Walti Beat · Nationalrat · 2024-03-13
Walti Beat · Nationalrat · Zürich · FDP-Liberale Fraktion · 2024-03-13
Wortprotokoll
Dass sich die Umstände auf dem Finanzplatz in den letzten Monaten stark verändert haben, brauche ich nicht darzulegen. Zuletzt, mit dem Ende der Credit Suisse, hat sich die Industriestruktur auf der Anbieterseite, wenn ich das etwas technisch ausdrücken darf, sehr stark verändert, ebenso wie die Selbstverständlichkeit, an die wir uns in der Vergangenheit gewöhnt hatten, wonach es in der Schweiz verschiedene Gross- wie auch etliche kleinere Banken und verschiedenartige sonstige Finanzdienstleister mit einem reichhaltigen Angebot gibt.
Erstens stellt sich angesichts dieser Umstände und auch angesichts der internationalen Veränderungen bei den Rahmenbedingungen die Frage, wie der Schweizer Finanzplatz erfolgreich in die Zukunft geführt werden kann bzw. wie er sich auch in Zukunft erfolgreich entwickeln kann. In diesem Zusammenhang müssen wir uns die Frage stellen, wie die Rahmenbedingungen von uns, dem Regulator, richtig gestaltet werden müssen, damit verschiedenen Kriterien Genüge getan ist. Dabei ist es ein wichtiges Kriterium - auch vor dem Hintergrund des Erlebten, des Unterganges der Credit Suisse, der von staatlichen Interventionsmassnahmen begleitet war -, dass die Risiken aus der Finanzmarktregulierung und vor allem aus der Geschäftstätigkeit von systemrelevanten [PAGE 499] Banken sich für den Staat auf einem tragbaren Niveau befinden und gut kontrolliert werden können. Die Massnahmen müssen auch international gut abgestimmt sein, sodass die heutigen und allenfalls auch die zukünftig anzupassenden Too-big-to-fail-Regulierungen entsprechend angewendet werden können.
Zweitens ist es für die Unternehmen in der Schweiz - von den KMU und dabei ganz besonders den ganz kleinen Unternehmen bis hin zu den Grossunternehmen - zentral, dass sie auch in Zukunft zu günstigen Konditionen von einer erstklassigen Kreditversorgung und von anderen Finanzdienstleistungen profitieren können.

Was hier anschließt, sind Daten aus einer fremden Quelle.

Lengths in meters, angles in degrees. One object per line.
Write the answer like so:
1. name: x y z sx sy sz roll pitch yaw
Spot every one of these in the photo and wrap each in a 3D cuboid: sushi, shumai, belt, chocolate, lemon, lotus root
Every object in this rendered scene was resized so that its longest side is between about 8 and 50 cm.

Viele kleinere Unternehmen sind in Nischen sehr erfolgreich und global unterwegs, sie haben also ein weit gespanntes geschäftliches Beziehungsnetz und profitieren massgeblich davon, dass sie aus der Schweiz heraus die entsprechenden Finanzdienstleistungen angeboten bekommen und hier betreut werden; das ist nicht selbstverständlich und muss gepflegt werden.

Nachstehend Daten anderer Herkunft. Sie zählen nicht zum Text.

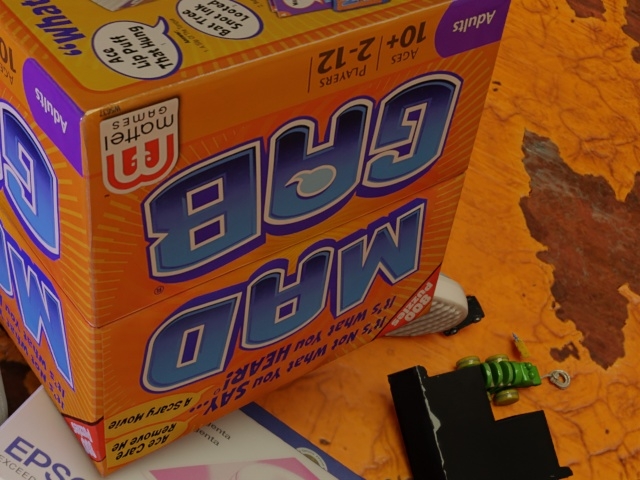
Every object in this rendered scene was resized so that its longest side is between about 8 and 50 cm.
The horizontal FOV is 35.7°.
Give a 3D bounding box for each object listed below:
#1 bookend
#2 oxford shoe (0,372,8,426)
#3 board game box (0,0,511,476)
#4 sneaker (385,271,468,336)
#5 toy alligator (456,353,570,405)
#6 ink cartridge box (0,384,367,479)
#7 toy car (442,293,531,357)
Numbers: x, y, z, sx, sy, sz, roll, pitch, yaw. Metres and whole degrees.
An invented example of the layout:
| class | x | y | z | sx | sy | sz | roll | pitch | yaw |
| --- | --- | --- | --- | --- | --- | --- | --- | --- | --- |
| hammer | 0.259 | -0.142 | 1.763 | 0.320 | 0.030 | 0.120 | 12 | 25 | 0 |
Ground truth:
| class | x | y | z | sx | sy | sz | roll | pitch | yaw |
| --- | --- | --- | --- | --- | --- | --- | --- | --- | --- |
| bookend | 0.173 | 0.203 | 1.089 | 0.156 | 0.072 | 0.157 | -10 | 79 | -25 |
| oxford shoe | -0.336 | 0.261 | 0.842 | 0.130 | 0.169 | 0.449 | 28 | 47 | -50 |
| board game box | -0.119 | -0.102 | 0.855 | 0.356 | 0.356 | 0.356 | -23 | 50 | -31 |
| sneaker | 0.000 | 0.000 | 1.125 | 0.366 | 0.135 | 0.150 | 16 | 60 | -13 |
| toy alligator | 0.224 | 0.159 | 1.168 | 0.190 | 0.051 | 0.056 | -1 | 62 | -22 |
| ink cartridge box | -0.108 | 0.214 | 0.913 | 0.324 | 0.071 | 0.330 | 35 | 31 | -1 |
| toy car | 0.193 | 0.111 | 1.206 | 0.122 | 0.060 | 0.040 | 42 | 9 | -14 |

Drittens soll der Finanzplatz auch in Zukunft attraktive Arbeitsplätze bieten und durch Löhne, Sozialabgaben und Steuern einen wichtigen Beitrag an den Wohlstand der Schweiz leisten können. Man darf immer mal wieder sagen, dass der Finanzplatz direkt und indirekt über 200[NB]000 Stellen bietet sowie gute Auskommen und gutes Steuersubstrat generiert.
In diesem Sinne sollte die Regulierung reformiert und damit zukunftstauglich und zukunftsträchtig gemacht werden. In der Vergangenheit haben wir das verschiedentlich auch in diesem Saal diskutiert, und wie Sie wissen, wird der Bundesrat demnächst - mindestens ist das so versprochen - den Bericht über die systemrelevanten Banken präsentieren. Im Anschluss daran werden wir zahlreiche parlamentarische Vorstösse diskutieren, die diese Felder beschlagen und hoffentlich zu sinnvollen und konstruktiven Anpassungen des regulatorischen Rahmens führen werden.
Vor diesem Hintergrund und in Absprache mit der Fraktionsleitung - es geht hier um einen Fraktionsvorstoss - erkläre ich, dass ich im Sinne der Verfahrenseffizienz und um unnötige prozedurale Doppelspurigkeiten zu vermeiden, diesen Vorstoss zurückziehe.